Theoretical and Future Directions
These empirical results close the gap between abstract geometric limits on embedding-based IR (linear separability, orthogonality bounds, capacity theorems) and practical system design, providing a smooth, quantitative bridge to predict capacity constraints and plan for data/model scaling. The trajectory for further research includes:
- Extending scaling law analysis to sparse representations and understanding the interaction with sparsity ratios.
- Investigating methods and objectives that uniformly utilize the geometric capacity of the expanded embedding space (mitigating the diminishing returns of added dimensions).
- Refining scaling laws in the context of other similarity functions beyond inner product and for multiply negative or compositional tasks.

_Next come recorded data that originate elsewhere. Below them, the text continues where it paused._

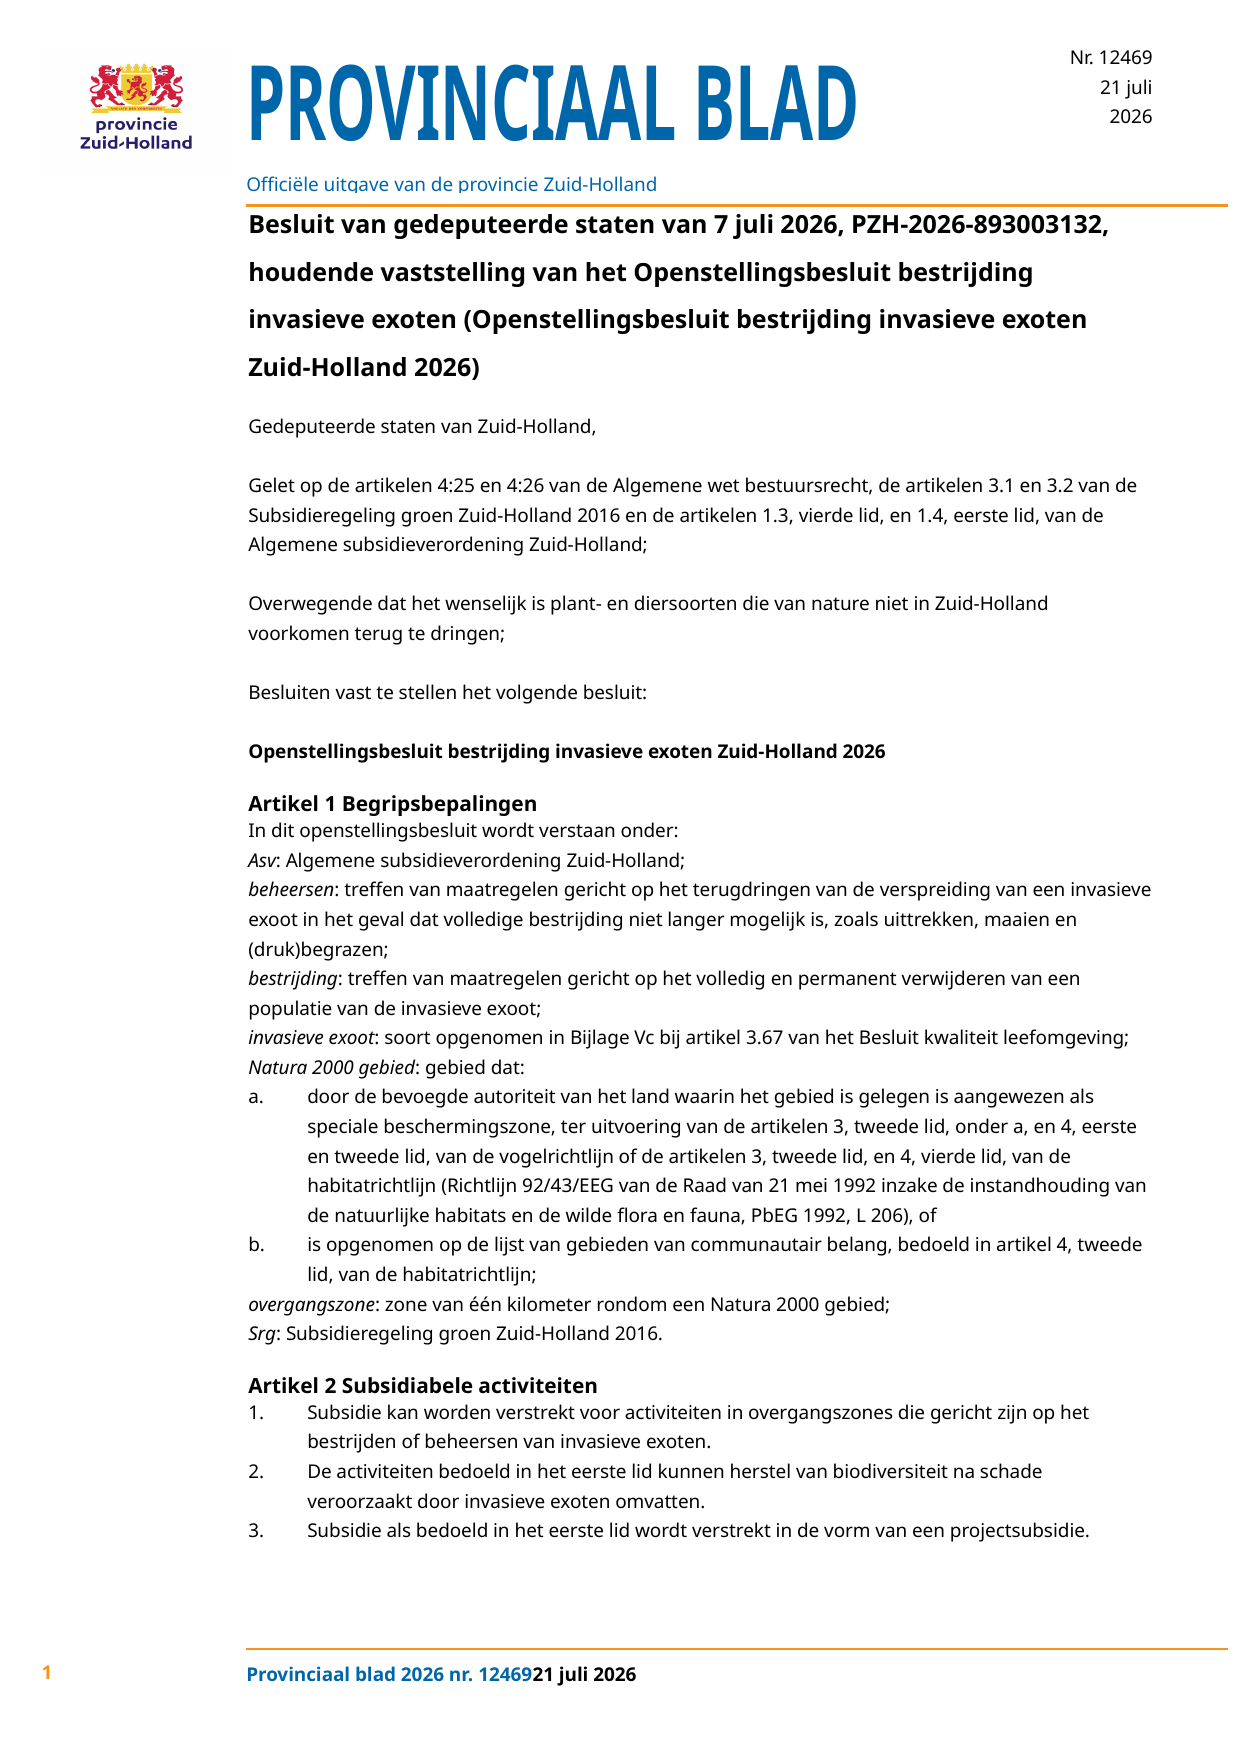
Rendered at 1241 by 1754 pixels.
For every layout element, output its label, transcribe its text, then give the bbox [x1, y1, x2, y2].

list is opgenomen op de lijst van gebieden van communautair belang, bedoeld in artikel 4, tweede lid, van de habitatrichtlijn; [248, 1232, 1152, 1287]
picture [41, 47, 231, 172]
text Besluiten vast te stellen het volgende besluit: [248, 679, 1152, 705]
text Artikel 1 Begripsbepalingen [248, 789, 1152, 817]
text bestrijding: treffen van maatregelen gericht op het volledig en permanent verwijderen van een populatie van de invasieve exoot; [248, 965, 1152, 1021]
text In dit openstellingsbesluit wordt verstaan onder: [248, 817, 1152, 843]
list Subsidie kan worden verstrekt voor activiteiten in overgangszones die gericht zijn op het bestrijden of beheersen van invasieve exoten. [248, 1399, 1152, 1454]
text Natura 2000 gebied: gebied dat: [248, 1054, 1152, 1080]
text overgangszone: zone van één kilometer rondom een Natura 2000 gebied; [248, 1291, 1152, 1316]
text Besluit van gedeputeerde staten van 7 juli 2026, PZH-2026-893003132, houdende vaststelling van het Openstellingsbesluit bestrijding invasieve exoten (Openstellingsbesluit bestrijding invasieve exoten Zuid-Holland 2026) [248, 207, 1152, 384]
text Openstellingsbesluit bestrijding invasieve exoten Zuid-Holland 2026 [248, 738, 1152, 764]
text Gelet op de artikelen 4:25 en 4:26 van de Algemene wet bestuursrecht, de artikelen 3.1 en 3.2 van de Subsidieregeling groen Zuid-Holland 2016 en de artikelen 1.3, vierde lid, en 1.4, eerste lid, van de Algemene subsidieverordening Zuid-Holland; [248, 472, 1152, 557]
text beheersen: treffen van maatregelen gericht op het terugdringen van de verspreiding van een invasieve exoot in het geval dat volledige bestrijding niet langer mogelijk is, zoals uittrekken, maaien en (druk)begrazen; [248, 877, 1152, 961]
list De activiteiten bedoeld in het eerste lid kunnen herstel van biodiversiteit na schade veroorzaakt door invasieve exoten omvatten. [248, 1458, 1152, 1514]
list door de bevoegde autoriteit van het land waarin het gebied is gelegen is aangewezen als speciale beschermingszone, ter uitvoering van de artikelen 3, tweede lid, onder a, en 4, eerste en tweede lid, van de vogelrichtlijn of de artikelen 3, tweede lid, en 4, vierde lid, van de habitatrichtlijn (Richtlijn 92/43/EEG van de Raad van 21 mei 1992 inzake de instandhouding van de natuurlijke habitats en de wilde flora en fauna, PbEG 1992, L 206), of [248, 1084, 1152, 1228]
text Srg: Subsidieregeling groen Zuid-Holland 2016. [248, 1320, 1152, 1346]
text Overwegende dat het wenselijk is plant- en diersoorten die van nature niet in Zuid-Holland voorkomen terug te dringen; [248, 591, 1152, 646]
text Artikel 2 Subsidiabele activiteiten [248, 1371, 1152, 1399]
text invasieve exoot: soort opgenomen in Bijlage Vc bij artikel 3.67 van het Besluit kwaliteit leefomgeving; [248, 1024, 1152, 1050]
text Gedeputeerde staten van Zuid-Holland, [248, 413, 1152, 439]
text Asv: Algemene subsidieverordening Zuid-Holland; [248, 847, 1152, 873]
list Subsidie als bedoeld in het eerste lid wordt verstrekt in de vorm van een projectsubsidie. [248, 1517, 1152, 1543]

- Analyzing the role of training distribution alignment for robust generalization in the high-dimension regime.
Conclusion
This study empirically establishes and characterizes the power-law relationship between embedding dimension and dense retrieval effectiveness. It presents strong evidence that both model size and embedding dimension must be jointly balanced for cost-efficient, high-performance dense retrieval systems, and provides explicit scaling laws to facilitate this optimization. The insights have both immediate applied value for system architects and theoretical relevance for understanding representational bottlenecks in neural IR. The framework invites further exploration into sparsity, capacity utilization, and embedding geometry, offering a principled foundation for dense retriever scaling strategies.